Using Capabilities
The Linux Kernel started introducing ‘capabilities’ all the way back in kernel 2.x. BSD has a similar (though different) concept using the Capsicum library.
What are capabilities?
Most processes on a Unix-like system run with the permissions of either a user account, or with root permissions. This is a relatively unsophisticated view of the world and divides permissions into two sets: a user is limited in what they can do and a superuser is unlimited in what they can do.
For users, this itself is not a good enough model, and indeed the sudoers config file can grant permissions to perform only certain actions to a user account. This delegation of certain aspects of system administration tasks, allows a root user to devolve particular regular tasks to a set of users, but restricts full superuser privileges.
So far, so standard Unix permission model.
However, capabilities take the idea of reducing privileges for a process to the next level, with the idea that the privileges can be broken down into smaller categories and a process should only need a small number of privileges. This hardens a process so that even if it is hacked, an attacker cannot do anything beyond what the process could do.

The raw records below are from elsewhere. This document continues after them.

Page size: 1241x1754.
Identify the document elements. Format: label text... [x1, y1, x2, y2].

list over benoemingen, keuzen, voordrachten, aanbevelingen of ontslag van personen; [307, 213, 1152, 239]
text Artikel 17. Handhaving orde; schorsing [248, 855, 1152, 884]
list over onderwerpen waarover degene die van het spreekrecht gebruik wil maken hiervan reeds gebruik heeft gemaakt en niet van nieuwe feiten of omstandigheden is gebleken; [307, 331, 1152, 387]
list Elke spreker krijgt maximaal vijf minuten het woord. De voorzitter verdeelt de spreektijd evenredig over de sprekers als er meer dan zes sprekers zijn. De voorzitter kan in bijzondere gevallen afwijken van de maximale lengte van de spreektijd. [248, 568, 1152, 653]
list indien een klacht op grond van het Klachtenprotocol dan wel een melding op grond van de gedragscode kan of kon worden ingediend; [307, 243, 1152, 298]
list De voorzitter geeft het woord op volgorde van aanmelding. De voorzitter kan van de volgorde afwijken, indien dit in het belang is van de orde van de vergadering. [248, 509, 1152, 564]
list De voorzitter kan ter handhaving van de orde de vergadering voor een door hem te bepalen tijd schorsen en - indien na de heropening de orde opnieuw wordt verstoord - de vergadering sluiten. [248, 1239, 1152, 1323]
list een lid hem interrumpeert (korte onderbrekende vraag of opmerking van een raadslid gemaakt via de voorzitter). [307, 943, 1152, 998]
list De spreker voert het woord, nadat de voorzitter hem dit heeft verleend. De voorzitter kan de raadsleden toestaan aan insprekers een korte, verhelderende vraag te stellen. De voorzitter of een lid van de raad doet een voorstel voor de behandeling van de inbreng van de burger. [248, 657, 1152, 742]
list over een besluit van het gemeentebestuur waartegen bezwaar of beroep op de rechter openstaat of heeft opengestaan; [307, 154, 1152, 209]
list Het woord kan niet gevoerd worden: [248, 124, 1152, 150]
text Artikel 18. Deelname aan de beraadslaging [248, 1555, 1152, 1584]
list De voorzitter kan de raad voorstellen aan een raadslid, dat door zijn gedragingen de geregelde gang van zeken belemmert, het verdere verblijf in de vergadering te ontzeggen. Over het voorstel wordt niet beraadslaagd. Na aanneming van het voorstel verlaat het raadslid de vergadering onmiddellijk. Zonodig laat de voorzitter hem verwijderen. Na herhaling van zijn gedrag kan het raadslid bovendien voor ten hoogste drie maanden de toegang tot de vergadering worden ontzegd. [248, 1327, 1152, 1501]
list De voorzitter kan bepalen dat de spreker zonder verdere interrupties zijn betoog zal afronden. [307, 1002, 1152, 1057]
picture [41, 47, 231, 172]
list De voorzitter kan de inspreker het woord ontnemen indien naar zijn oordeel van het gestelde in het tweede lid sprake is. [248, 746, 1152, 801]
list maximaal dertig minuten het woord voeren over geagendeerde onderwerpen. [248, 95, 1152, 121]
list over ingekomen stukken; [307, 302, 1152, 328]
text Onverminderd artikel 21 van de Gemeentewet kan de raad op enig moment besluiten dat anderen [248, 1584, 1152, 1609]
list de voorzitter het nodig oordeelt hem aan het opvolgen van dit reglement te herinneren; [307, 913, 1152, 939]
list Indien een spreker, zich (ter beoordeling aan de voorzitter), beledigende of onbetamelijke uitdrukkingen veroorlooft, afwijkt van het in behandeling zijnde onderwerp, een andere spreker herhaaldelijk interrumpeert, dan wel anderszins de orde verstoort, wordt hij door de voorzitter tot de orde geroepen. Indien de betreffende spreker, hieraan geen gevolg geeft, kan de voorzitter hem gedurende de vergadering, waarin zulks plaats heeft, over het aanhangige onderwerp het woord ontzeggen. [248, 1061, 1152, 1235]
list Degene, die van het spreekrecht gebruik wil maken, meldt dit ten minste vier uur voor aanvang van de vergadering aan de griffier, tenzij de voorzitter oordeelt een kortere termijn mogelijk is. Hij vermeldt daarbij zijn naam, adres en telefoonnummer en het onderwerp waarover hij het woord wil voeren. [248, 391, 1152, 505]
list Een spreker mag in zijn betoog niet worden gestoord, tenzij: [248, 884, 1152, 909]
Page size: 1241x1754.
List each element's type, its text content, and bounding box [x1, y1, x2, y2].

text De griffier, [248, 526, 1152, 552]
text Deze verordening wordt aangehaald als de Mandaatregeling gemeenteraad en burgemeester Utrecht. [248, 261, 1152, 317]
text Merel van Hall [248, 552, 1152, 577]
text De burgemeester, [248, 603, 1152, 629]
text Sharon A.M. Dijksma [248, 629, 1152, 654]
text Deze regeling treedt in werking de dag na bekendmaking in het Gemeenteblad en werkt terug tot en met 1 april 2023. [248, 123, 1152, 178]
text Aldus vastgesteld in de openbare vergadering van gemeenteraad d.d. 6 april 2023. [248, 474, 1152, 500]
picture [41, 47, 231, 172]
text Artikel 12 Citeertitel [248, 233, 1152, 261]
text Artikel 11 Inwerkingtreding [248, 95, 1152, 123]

For example, a classic attack was to break into a web server process as this had to run as root (to bind to port 80) which meant the attacker would have free reign over the system. A web server process using capabilities can mitigate the worst effects of this attack.
Kernel capabilities
Taking advantage of capabilities involves reading the list of capabilities included in the kernel and deciding which of these your application needs:
At the moment there are 40 capabilities listed, some of these are quite fine-grained, some much broader in scope.
Capability Sets
To implement capabilities, the kernel specifies different ‘sets’:
typedef struct __user_cap_data_struct {
__u32 effective;
__u32 permitted;
__u32 inheritable;
} *cap_user_data_t;
These sets are effective
, permitted
and inheritable
. Capabilities from these sets can be applied to the binary (at the file level) or to the thread/process. In addition to these three sets, there is the bounding
set — the maximum capabilities a process is allowed to have and the ambient
set — the capabilities that are in effect currently for this process.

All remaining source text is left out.